Kata kunci: ADSCs, ascorbic acid, platelet-rich plasma, rekayasa jaringan, scaffold sutera
ABSTRACT
There are three components of tissue engineering which are cell, nutrient, and scaffold. Adipose-derived stem cells (ADSCs) have been used as cell source of tissue engineering. To support the cell proliferation, the medium should be contained serum as nutrition such as fetal bovine serum (FBS), combination of FBS and L-ascorbic acid 2-phosphate (LAA) or platelet-rich plasma (PRP). In this study, silk from Bombyx mori was fabricated into scaffold with pore of size 100μm then ADSC was cultured on scaffold in medium containing 10% FBS, 10% FBS-LAA or 10% PRP. This study observed ADSCs proliferation on polystyrene substrate and biocompability of silk scaffold in medium containing 10% FBS, 10% FBS-LAA and 10% PRP. The results showed that the three groups of medium which contain FBS, FBS-LAA, or PRP
can support proliferation rate of ADSCs. There is no significant different of various medium on ploriferation rate of ADSCs towards biocompability of silk scaffold.
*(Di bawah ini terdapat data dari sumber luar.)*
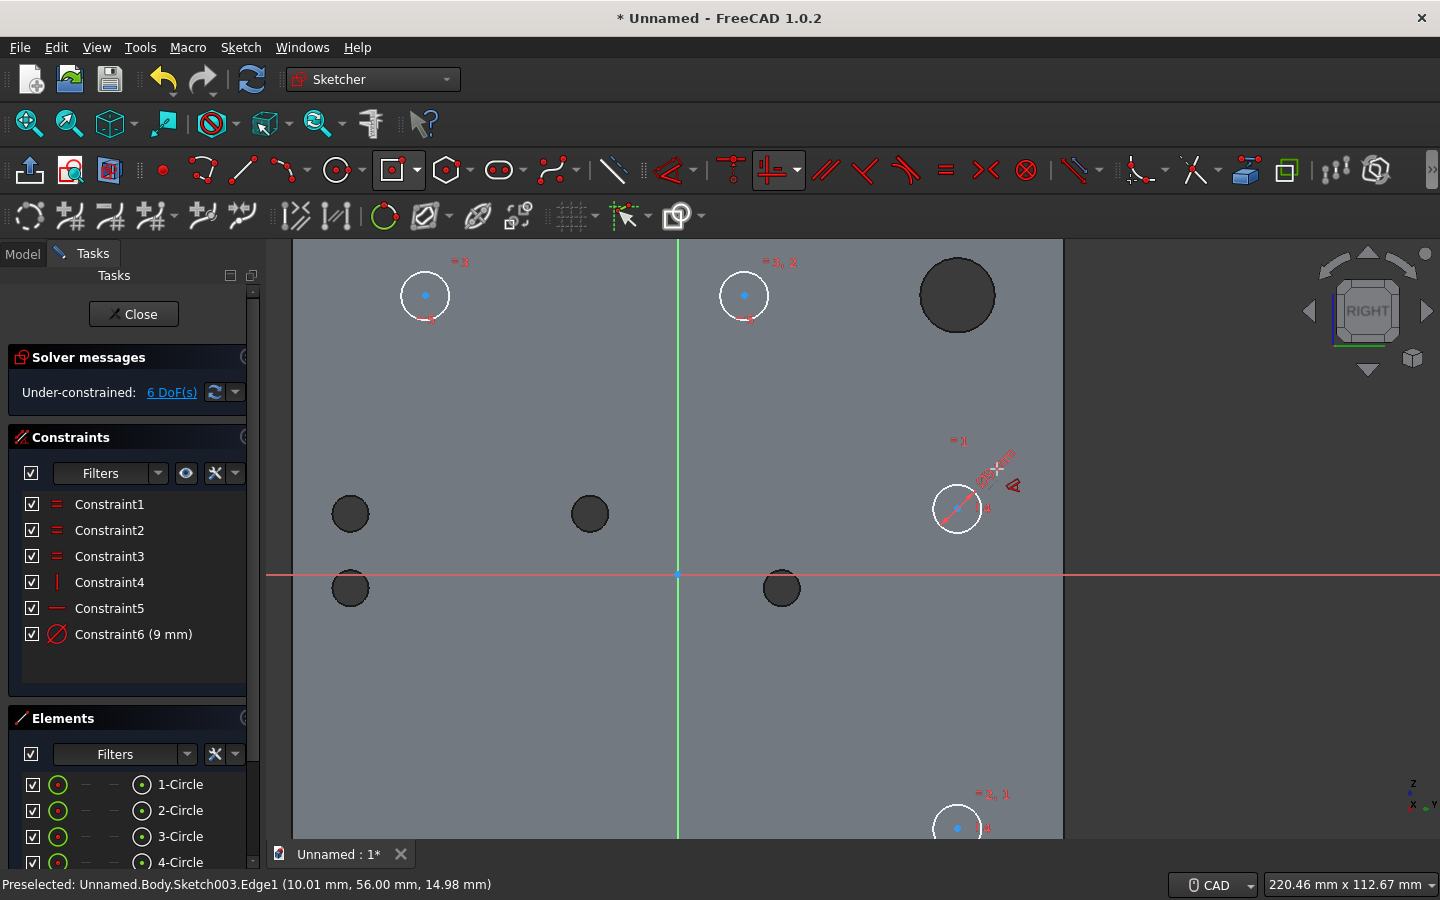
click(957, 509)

The conclusion of this study is silk scaffold can be used as ADSCs substrate to develop tissue engineering.
Keywords: ADSCs, ascorbic acid, platelet-rich plasma, silk scaffold, tissue engineering
PENDAHULUAN
Rekayasa jaringan merupakan salah satu solusi untuk menyediakan kebutuhan akan jaringan atau organ. Teknologi rekayasa jaringan memerlukan sel, nutrisi, dan scaffold (O'brien, 2011). Sumber sel untuk mengembangkan rekayasa jaringan dapat berasal dari sel asal jaringan dewasa atau sel punca, namun pada umumnya sel asal jaringan dewasa terbatas jumlah dan proliferasinya sehingga sel punca lebih banyak dimanfaatkan sebagai sumber sel. Sel punca asal jaringan lemak atau disebut sebagai adipose-derived stem cells (ADSCs) dilaporkan memiliki sifat multipotensi, mudah diperoleh dan merupakan limbah pada operasi sedot lemak (Zuk, 2010). Oleh karena itu, ADSCs merupakan kandidat sumber sel punca yang dapat digunakan untuk mempelajari rekayasa jaringan. Komponen kedua dalam rekayasa jaringan adalah nutrisi bagi pertumbuhan sel.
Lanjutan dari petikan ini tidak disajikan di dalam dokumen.